> **Records from a data source**
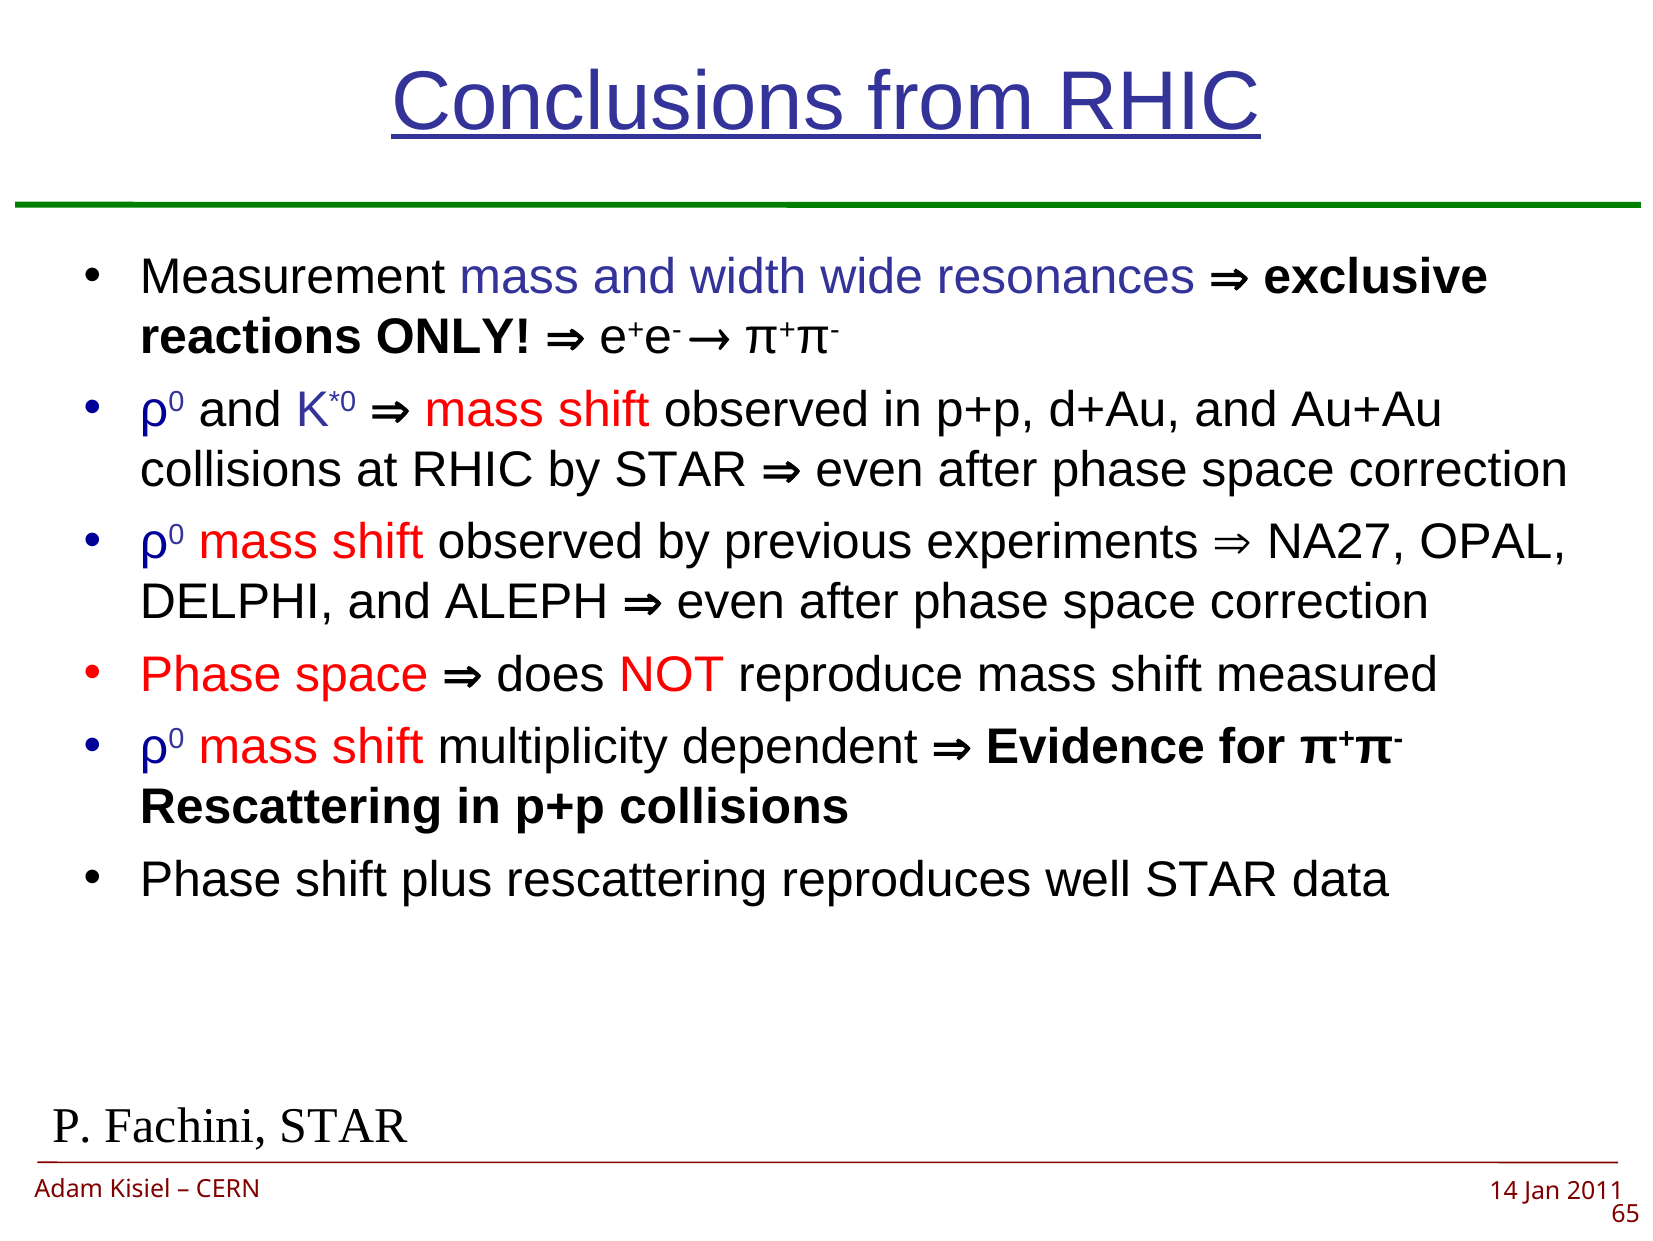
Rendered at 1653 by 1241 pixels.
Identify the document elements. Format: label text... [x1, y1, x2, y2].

text_box Measurement mass and width wide resonances  exclusive reactions ONLY!  e+e-  π+π- ρ0 and K*0  mass shift observed in p+p, d+Au, and Au+Au collisions at RHIC by STAR  even after phase space correction ρ0 mass shift observed by previous experiments  NA27, OPAL, DELPHI, and ALEPH  even after phase space correction Phase space  does NOT reproduce mass shift measured ρ0 mass shift multiplicity dependent  Evidence for π+π- Rescattering in p+p collisions Phase shift plus rescattering reproduces well STAR data [68, 236, 1598, 994]
text_box P. Fachini, STAR [37, 1090, 423, 1161]
text_box Conclusions from RHIC [82, 41, 1571, 152]
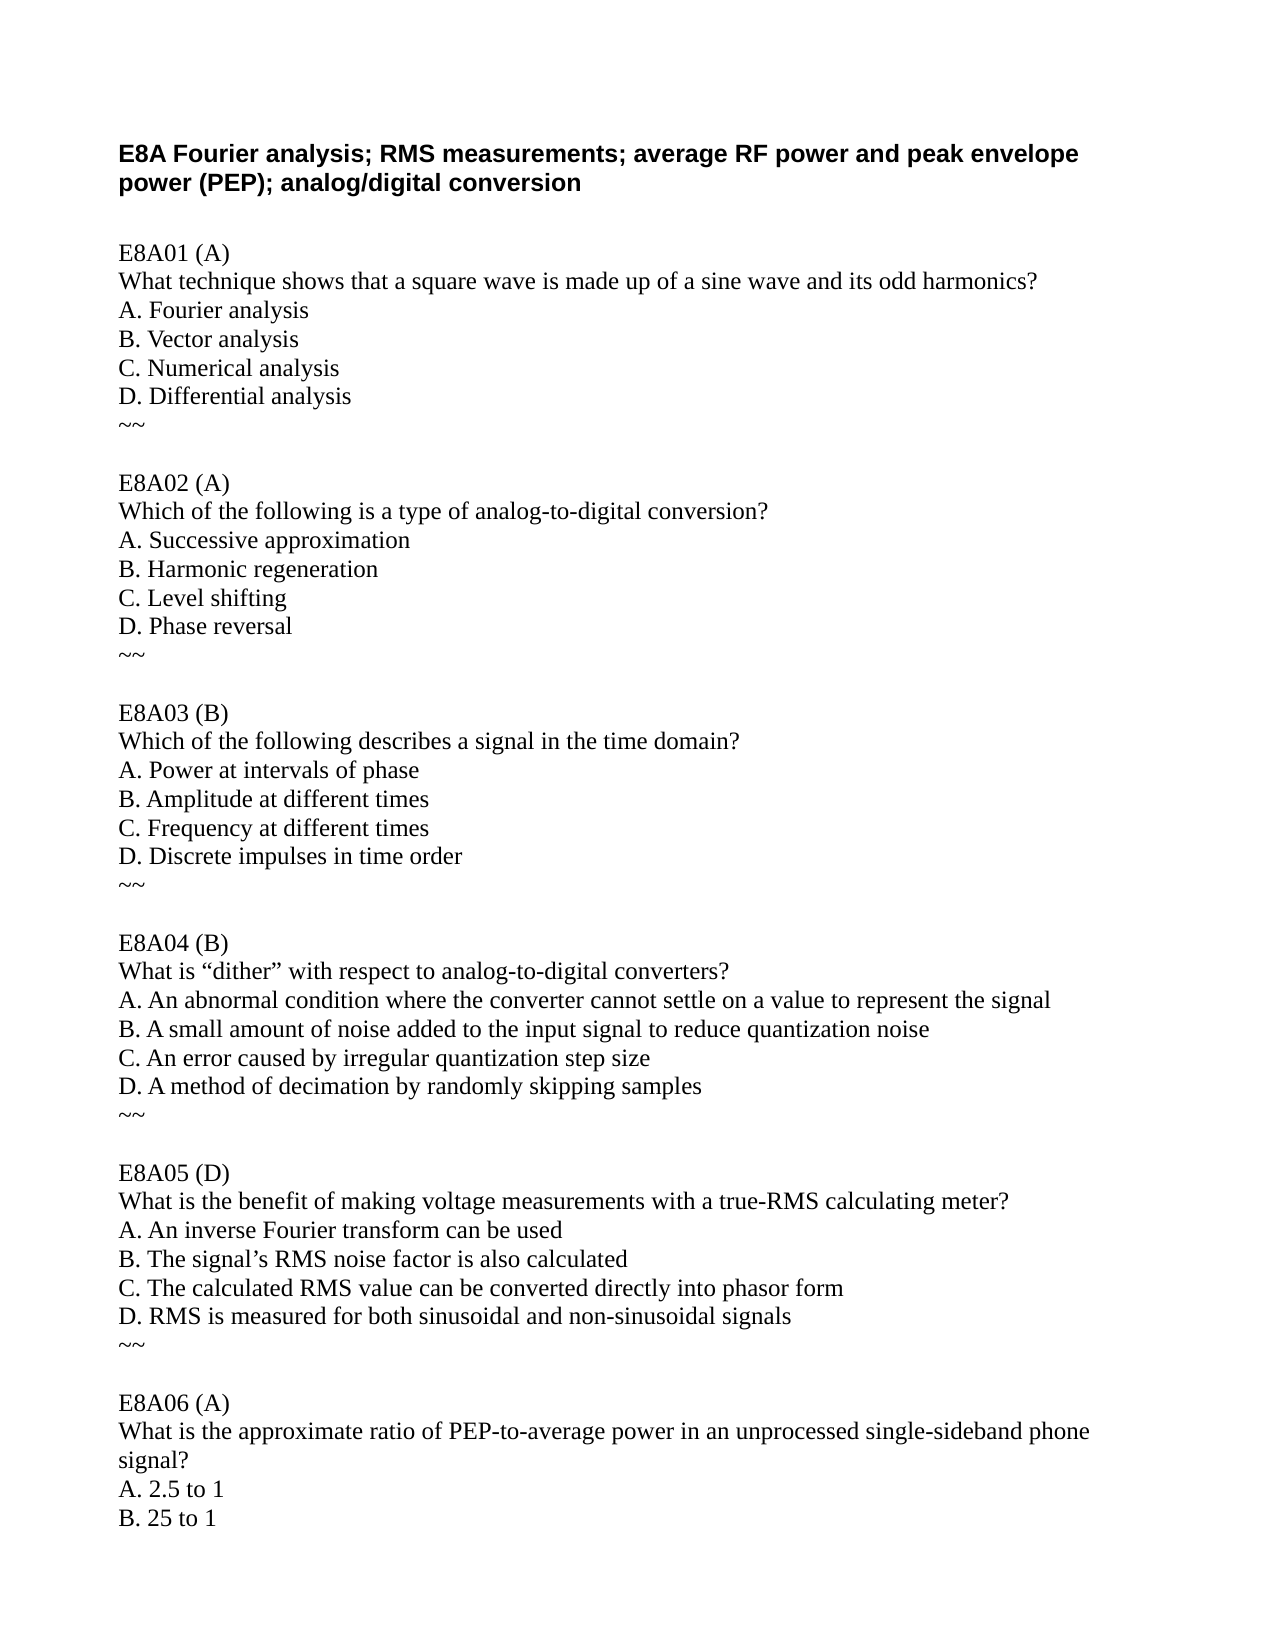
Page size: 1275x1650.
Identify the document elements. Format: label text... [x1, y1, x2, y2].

> **DESCRIPTION OF THE TASK**
Exactly as written, set down each line of the records, leaving out the pictures.

> **OUTPUT FOR THIS EXERCISE**
Rendered at 1653 by 1241 pixels.
Identify the document elements. Format: label text... [x1, y1, x2, y2].

text_box Measurement mass and width wide resonances  exclusive reactions ONLY!  e+e-  π+π- ρ0 and K*0  mass shift observed in p+p, d+Au, and Au+Au collisions at RHIC by STAR  even after phase space correction ρ0 mass shift observed by previous experiments  NA27, OPAL, DELPHI, and ALEPH  even after phase space correction Phase space  does NOT reproduce mass shift measured ρ0 mass shift multiplicity dependent  Evidence for π+π- Rescattering in p+p collisions Phase shift plus rescattering reproduces well STAR data [68, 236, 1598, 994]
text_box P. Fachini, STAR [37, 1090, 423, 1161]
text_box Conclusions from RHIC [82, 41, 1571, 152]
Page size: 1275x1650.
Identify the document elements. Format: label text... [x1, y1, x2, y2].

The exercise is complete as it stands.